When a line of the records contains "Numbers", copy it.

- Study material

•••

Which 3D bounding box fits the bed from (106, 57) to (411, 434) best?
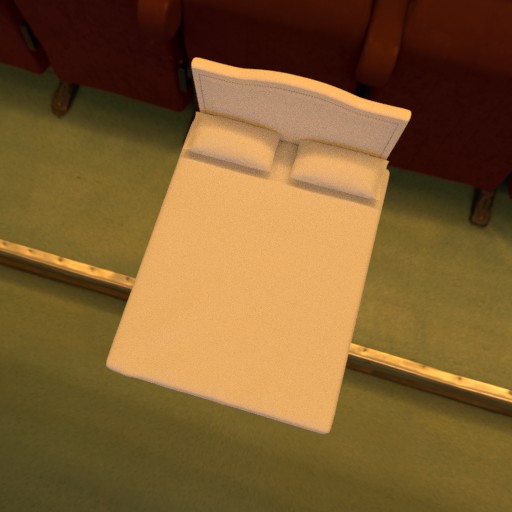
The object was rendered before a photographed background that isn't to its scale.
[{"bbox_3d":[0.000,0.000,3.657,1.977,1.437,2.477,16,76,4],"label":"bed"}]
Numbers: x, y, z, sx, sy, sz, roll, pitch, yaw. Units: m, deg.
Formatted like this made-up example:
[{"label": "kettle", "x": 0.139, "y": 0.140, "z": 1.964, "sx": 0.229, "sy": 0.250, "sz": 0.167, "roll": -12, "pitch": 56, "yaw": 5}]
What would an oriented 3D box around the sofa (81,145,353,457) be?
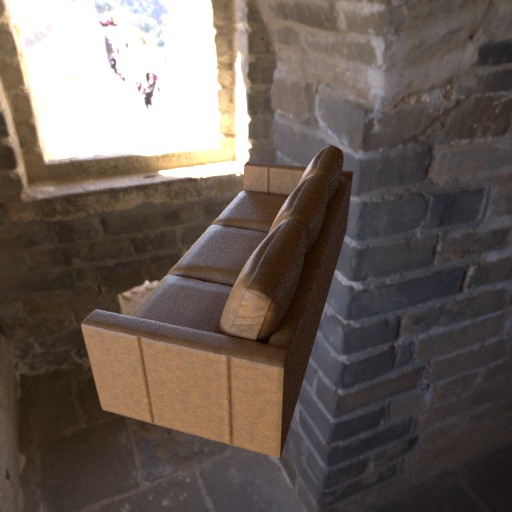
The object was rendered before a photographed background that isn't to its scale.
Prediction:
[{"label": "sofa", "x": 0.000, "y": 0.000, "z": 2.750, "sx": 0.903, "sy": 0.930, "sz": 2.231, "roll": 9, "pitch": 31, "yaw": 15}]
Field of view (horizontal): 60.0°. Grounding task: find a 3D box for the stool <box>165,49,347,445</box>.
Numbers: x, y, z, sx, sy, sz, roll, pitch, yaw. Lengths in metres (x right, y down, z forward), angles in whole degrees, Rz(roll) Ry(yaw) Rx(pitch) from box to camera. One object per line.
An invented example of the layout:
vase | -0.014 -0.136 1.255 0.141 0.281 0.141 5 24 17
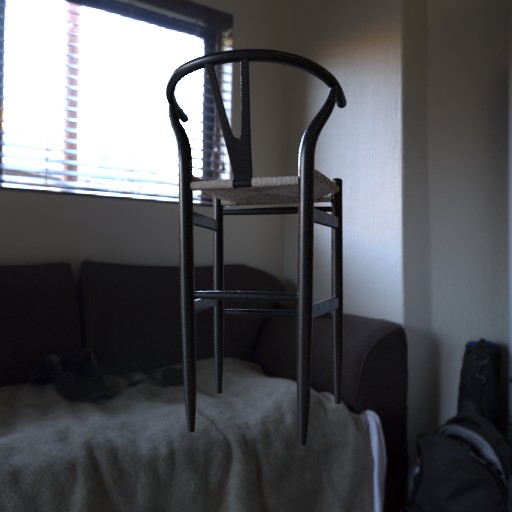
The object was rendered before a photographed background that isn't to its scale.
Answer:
stool | 0.000 0.000 1.424 0.569 1.072 0.579 0 -1 16

•••

- Expected answer
Numbers: x, y, z, sx, sy, sz, roll, pitch, yaw. Units: m, deg.
Numbers: x, y, z, sx, sy, sz, roll, pitch, yaw. Lengths in metres (x right, y down, z forward), angles in whole degrees, Rz(roll) Ry(yaw) Rx(pitch) from box to camera. One object per line.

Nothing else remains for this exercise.